Extracted data entries:

○ ○ ○

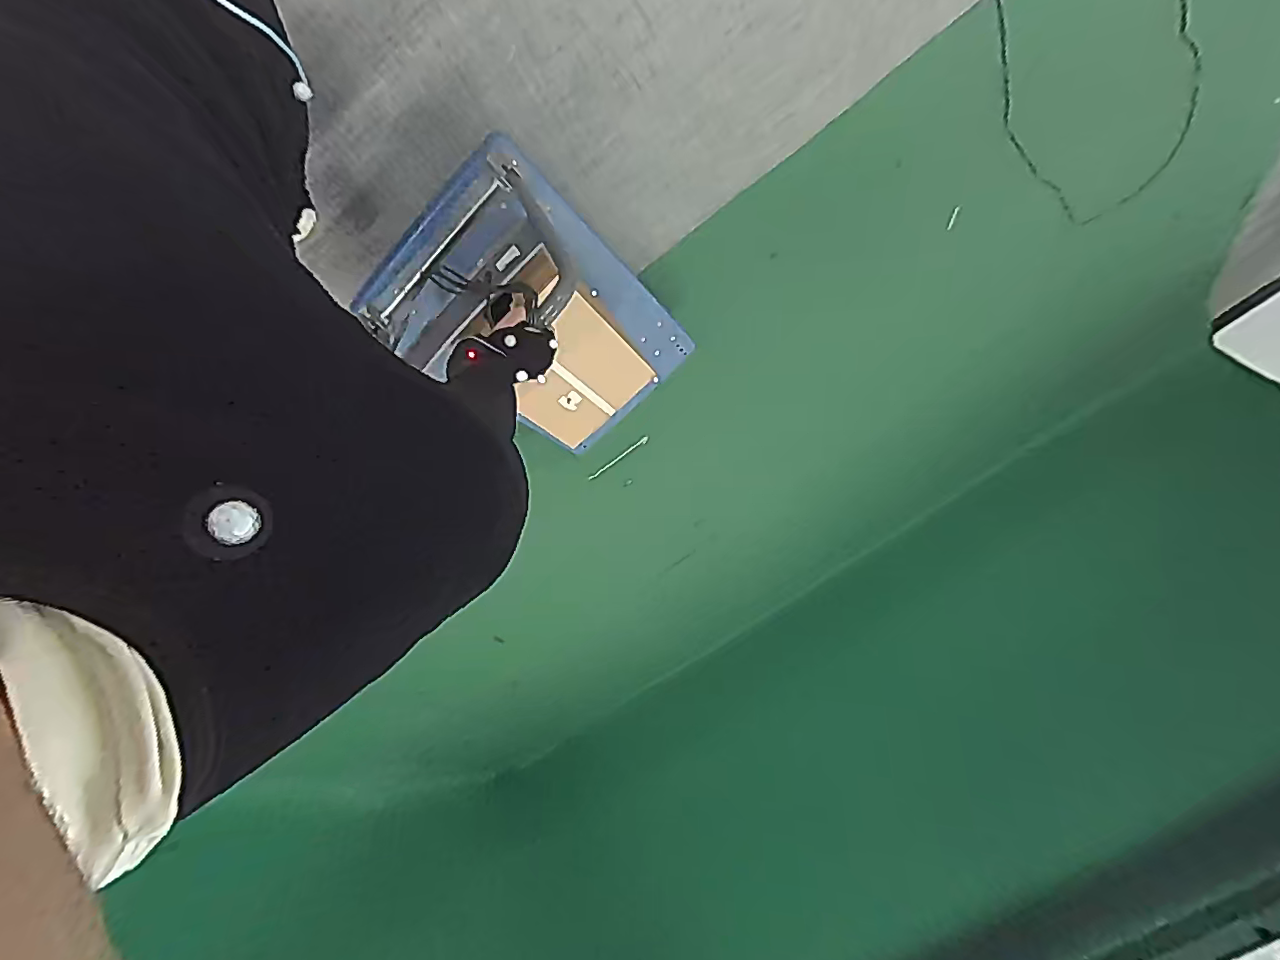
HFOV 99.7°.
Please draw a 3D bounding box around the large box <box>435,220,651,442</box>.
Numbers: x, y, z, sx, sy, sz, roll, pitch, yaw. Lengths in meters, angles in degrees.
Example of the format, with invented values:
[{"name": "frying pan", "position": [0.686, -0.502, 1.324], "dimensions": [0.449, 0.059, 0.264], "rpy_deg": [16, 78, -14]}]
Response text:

○ ○ ○

Task requirements: Print the data above exactly; drop every picture.

Written solution:
HFOV 99.7°.
Please draw a 3D bounding box around the large box <box>435,220,651,442</box>.
Numbers: x, y, z, sx, sy, sz, roll, pitch, yaw. Lengths in meters, angles in degrees.
Example of the format, with invented values:
[{"name": "frying pan", "position": [0.686, -0.502, 1.324], "dimensions": [0.449, 0.059, 0.264], "rpy_deg": [16, 78, -14]}]
Response text:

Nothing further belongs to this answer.